SomaScan Inflammation Aging Clock (85 proteins)
A lightweight plasma-protein aging clock that predicts chronological age from 85 unique inflammatory proteins measured by SomaScan (125 aptamers / SomaScan features). The model is a TabM† student distilled from a TabPFN v2 teacher, so it runs at inference without any TabPFN dependency (small, DUA-friendly artifacts).
Trained on the ROSMAP cohort, panel-matched to the Olink Inflammation companion model.
| Cohort | Platform | Aptamers (features) | Unique proteins | N (persons) | Teacher R² | Student R² | Gap (mean ± sd) |
|---|---|---|---|---|---|---|---|
| ROSMAP | SomaScan | 125 | 85 | 1,611 (1,313) | 0.304 | 0.302 | 0.002 ± 0.006 |
(10-fold person-grouped CV, R². Student fidelity-RMSE ≈ 0.070 in scaled-y.) The TabM† student reproduces its TabPFN v2 teacher to within ~0.002 R² — inside fold-to-fold noise.
Note on counts: SomaScan measures some proteins with more than one aptamer. The model consumes 125 aptamer-level features (the
meta.json→feature_namelist), which map to 85 unique proteins.
Files
predict.py standalone inference script
meta.json feature order, y-scaler, arch config
models/
T0001_model.pkl slim model (~4 KB)
T0001_student_tabm.pt TabM† weights (~8 MB) + quantile bins
results/, *_results.csv aggregate CV metrics summaries
Target T0001 = age_at_visit (chronological age at the visit).
Usage
predict.py runs the model with only public dependencies:
pip install torch tabm rtdl_num_embeddings numpy pandas
python predict.py --input proteins.csv --output ages.csv
--input is a CSV/TSV with one row per sample and one column per aptamer feature,
named exactly as in meta.json → feature_name (125 SomaScan features). Column
order does not matter; an optional sample_id column is carried through. Output
is sample_id, predicted_age. This model expects complete values (no imputer).
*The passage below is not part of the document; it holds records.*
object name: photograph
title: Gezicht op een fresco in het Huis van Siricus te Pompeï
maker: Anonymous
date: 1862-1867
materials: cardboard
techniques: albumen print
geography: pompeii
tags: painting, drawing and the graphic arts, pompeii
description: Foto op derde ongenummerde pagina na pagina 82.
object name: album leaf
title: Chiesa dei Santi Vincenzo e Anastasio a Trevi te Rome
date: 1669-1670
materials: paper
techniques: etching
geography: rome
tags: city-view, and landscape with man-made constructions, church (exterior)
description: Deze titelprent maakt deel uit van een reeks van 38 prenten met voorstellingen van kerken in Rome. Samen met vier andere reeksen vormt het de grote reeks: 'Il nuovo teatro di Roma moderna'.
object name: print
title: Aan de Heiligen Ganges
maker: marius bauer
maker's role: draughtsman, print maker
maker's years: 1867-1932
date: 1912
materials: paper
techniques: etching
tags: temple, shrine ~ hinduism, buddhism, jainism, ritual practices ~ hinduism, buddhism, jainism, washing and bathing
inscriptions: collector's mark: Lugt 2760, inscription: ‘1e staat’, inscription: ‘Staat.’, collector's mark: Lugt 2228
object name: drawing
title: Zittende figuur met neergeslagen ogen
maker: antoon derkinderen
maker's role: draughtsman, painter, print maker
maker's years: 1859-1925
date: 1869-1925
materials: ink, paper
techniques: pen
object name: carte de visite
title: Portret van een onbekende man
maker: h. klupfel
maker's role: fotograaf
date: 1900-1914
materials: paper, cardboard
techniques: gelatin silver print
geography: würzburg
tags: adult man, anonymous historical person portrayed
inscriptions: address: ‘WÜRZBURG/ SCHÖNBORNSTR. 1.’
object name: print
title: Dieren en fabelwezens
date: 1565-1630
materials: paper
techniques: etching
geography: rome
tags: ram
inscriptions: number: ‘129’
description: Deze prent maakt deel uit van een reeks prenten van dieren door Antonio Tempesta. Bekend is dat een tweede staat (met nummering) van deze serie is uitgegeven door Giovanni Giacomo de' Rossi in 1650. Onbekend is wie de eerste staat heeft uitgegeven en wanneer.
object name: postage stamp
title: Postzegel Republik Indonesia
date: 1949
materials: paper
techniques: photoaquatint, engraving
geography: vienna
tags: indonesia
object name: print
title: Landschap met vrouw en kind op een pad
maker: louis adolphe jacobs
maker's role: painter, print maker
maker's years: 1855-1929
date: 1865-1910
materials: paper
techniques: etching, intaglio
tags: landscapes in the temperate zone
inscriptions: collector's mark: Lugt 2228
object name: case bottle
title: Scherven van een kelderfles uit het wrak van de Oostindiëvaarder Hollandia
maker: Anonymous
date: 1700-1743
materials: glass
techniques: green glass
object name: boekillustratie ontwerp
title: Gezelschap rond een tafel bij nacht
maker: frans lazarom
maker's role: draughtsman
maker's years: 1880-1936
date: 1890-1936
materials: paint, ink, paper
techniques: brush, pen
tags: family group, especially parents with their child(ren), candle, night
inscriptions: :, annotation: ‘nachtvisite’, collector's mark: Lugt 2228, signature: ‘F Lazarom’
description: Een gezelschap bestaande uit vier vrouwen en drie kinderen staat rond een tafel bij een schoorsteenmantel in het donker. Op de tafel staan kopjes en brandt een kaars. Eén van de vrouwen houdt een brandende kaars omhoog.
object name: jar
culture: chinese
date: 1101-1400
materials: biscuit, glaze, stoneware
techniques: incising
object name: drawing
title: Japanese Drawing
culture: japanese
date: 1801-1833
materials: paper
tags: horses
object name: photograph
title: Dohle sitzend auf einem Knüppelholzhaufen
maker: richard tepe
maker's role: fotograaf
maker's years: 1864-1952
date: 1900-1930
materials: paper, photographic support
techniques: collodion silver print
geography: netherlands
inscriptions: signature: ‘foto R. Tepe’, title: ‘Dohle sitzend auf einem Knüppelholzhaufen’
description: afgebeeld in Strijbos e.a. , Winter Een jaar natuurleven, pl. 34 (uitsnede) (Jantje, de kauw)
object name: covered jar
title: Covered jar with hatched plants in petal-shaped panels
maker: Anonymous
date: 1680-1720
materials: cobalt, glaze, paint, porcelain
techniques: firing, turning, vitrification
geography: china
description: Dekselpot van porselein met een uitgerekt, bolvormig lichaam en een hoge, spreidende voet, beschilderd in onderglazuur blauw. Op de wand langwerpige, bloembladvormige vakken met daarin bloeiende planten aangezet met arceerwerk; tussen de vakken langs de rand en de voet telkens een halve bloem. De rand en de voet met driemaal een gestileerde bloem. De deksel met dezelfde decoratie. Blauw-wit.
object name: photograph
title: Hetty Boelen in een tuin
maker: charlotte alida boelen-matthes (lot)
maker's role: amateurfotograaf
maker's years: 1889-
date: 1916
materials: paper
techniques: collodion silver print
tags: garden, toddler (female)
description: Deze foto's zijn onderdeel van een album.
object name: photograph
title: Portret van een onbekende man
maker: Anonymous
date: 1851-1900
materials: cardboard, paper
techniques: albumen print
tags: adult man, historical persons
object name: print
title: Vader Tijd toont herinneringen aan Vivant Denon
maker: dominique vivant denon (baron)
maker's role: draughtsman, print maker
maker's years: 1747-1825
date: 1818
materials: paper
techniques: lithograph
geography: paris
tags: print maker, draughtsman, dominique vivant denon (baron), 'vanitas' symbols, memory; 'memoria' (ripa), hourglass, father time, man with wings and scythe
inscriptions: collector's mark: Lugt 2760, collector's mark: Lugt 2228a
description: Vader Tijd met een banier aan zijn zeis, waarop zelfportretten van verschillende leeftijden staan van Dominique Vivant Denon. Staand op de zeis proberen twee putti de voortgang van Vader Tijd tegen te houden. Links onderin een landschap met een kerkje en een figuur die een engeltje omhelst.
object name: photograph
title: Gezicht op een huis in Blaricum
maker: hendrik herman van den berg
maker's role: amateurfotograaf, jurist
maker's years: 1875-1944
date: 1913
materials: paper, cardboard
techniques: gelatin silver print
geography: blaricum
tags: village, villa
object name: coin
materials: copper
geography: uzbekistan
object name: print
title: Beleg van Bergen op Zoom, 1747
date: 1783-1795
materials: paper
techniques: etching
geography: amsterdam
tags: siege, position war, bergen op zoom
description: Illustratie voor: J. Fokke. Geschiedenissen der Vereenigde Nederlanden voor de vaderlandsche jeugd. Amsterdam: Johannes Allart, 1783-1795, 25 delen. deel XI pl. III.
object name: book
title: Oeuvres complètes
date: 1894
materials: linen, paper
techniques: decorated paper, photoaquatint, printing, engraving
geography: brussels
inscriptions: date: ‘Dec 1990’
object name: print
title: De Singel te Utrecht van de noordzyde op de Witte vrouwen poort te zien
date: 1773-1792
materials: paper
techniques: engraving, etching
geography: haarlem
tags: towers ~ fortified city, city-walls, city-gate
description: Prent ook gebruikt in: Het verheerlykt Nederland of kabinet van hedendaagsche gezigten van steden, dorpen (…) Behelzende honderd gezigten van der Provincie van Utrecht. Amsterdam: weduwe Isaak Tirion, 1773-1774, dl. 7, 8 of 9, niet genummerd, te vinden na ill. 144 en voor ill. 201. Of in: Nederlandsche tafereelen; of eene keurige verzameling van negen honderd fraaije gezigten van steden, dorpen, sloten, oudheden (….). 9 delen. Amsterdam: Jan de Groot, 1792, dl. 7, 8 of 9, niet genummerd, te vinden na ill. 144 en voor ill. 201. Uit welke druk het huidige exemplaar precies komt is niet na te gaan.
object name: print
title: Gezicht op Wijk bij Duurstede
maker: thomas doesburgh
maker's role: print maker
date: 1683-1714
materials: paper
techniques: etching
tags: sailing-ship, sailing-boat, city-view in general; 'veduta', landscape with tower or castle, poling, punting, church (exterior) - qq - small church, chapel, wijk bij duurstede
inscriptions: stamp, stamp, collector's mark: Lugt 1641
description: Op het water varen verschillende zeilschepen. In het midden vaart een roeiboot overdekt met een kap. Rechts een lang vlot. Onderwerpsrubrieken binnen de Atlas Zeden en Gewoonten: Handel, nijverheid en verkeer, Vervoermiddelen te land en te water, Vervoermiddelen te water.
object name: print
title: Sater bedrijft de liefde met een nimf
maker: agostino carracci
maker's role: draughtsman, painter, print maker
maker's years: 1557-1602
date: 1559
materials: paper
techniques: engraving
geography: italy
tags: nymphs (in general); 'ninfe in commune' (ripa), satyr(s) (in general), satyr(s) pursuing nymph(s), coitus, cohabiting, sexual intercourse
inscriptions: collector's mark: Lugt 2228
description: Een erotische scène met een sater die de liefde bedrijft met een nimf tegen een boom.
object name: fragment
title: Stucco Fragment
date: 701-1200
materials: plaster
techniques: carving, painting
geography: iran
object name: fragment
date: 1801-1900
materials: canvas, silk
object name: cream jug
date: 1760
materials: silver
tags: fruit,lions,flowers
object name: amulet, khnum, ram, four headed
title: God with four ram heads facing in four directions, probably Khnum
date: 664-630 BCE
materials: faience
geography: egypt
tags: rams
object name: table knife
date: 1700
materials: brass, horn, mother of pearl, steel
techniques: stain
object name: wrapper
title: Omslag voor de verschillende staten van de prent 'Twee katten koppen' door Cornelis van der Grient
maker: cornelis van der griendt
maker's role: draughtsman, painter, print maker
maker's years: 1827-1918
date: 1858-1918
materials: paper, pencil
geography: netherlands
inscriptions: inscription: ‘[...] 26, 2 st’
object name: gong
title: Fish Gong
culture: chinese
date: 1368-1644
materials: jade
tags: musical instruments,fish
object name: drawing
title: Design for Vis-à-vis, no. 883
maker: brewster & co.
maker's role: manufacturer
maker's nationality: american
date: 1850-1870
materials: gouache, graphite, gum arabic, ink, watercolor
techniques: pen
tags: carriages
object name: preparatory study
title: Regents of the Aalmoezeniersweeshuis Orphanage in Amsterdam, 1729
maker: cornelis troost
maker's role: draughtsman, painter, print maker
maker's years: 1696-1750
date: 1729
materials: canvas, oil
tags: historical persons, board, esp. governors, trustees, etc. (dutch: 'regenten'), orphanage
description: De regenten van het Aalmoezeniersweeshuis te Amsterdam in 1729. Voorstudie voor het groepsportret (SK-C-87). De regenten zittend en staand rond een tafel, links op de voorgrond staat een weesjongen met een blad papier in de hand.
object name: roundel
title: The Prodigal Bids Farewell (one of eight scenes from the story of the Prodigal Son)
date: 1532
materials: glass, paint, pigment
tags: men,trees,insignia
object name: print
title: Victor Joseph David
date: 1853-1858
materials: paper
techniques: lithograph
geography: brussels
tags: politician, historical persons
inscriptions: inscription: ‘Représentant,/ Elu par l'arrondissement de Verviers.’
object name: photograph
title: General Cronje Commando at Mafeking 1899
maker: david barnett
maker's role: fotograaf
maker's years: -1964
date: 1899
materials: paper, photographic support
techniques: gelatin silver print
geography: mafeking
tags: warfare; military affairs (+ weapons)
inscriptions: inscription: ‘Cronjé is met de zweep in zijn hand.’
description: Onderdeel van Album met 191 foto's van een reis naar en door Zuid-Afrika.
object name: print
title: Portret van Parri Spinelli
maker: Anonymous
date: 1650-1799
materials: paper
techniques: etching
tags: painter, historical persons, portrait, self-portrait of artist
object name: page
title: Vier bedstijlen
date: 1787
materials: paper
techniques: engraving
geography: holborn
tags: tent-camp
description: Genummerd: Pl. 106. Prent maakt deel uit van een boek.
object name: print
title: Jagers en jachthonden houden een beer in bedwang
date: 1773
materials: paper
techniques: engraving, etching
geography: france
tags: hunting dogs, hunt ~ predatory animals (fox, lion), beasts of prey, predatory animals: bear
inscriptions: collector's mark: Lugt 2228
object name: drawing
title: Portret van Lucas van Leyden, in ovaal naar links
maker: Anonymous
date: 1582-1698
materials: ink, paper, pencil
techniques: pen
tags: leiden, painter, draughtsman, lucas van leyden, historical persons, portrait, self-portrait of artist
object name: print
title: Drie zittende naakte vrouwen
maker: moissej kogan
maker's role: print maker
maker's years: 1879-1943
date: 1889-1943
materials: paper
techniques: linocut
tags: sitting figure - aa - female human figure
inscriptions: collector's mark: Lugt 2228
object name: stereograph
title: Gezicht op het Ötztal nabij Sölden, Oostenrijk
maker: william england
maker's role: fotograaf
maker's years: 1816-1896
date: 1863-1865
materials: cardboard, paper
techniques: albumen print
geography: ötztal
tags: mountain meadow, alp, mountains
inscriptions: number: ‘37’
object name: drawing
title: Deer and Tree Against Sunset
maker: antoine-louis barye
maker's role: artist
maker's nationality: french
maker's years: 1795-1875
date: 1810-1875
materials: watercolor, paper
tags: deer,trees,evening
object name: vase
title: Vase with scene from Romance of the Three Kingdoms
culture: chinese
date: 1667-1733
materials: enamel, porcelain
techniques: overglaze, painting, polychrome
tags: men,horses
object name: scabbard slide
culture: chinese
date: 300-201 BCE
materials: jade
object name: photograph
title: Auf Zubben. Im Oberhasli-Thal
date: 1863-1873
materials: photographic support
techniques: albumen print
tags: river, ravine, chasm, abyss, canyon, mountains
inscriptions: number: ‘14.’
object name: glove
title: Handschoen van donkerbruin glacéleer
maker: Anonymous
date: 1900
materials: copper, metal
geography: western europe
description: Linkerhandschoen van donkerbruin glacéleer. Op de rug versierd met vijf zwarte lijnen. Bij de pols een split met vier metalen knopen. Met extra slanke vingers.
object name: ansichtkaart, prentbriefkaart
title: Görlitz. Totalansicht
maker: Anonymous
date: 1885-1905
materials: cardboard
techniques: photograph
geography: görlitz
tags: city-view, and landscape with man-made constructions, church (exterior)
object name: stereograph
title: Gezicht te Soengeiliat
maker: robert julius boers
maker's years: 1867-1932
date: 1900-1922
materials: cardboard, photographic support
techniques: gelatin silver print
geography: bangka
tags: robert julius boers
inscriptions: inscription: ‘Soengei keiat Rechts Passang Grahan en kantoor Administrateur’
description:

The script errors if any required feature is missing and warns about unused
input columns.
Method
- Teacher: TabPFN v2.
- Student: TabM† distilled on a GMM-augmented transfer set (target 10,000 rows) with a 5-quantile pinball regression loss.
- CV: 10-fold person-grouped (verified no person spans >1 fold).
Inference contract
Order the features by meta.json → feature_name; rebuild the TabM model with
piecewise-linear numeric embeddings and load the weights; average the 5-quantile
(trapezoidal-mean) point estimate over the 32 ensemble members; inverse the
y-scaler to recover age.
Citation
Inflammatory aging clock for plasma inflammatory proteins (ROSMAP). Manuscript in
preparation. See also the Olink companion model:
inflammatory-aging-clock/olink-inflammation-92.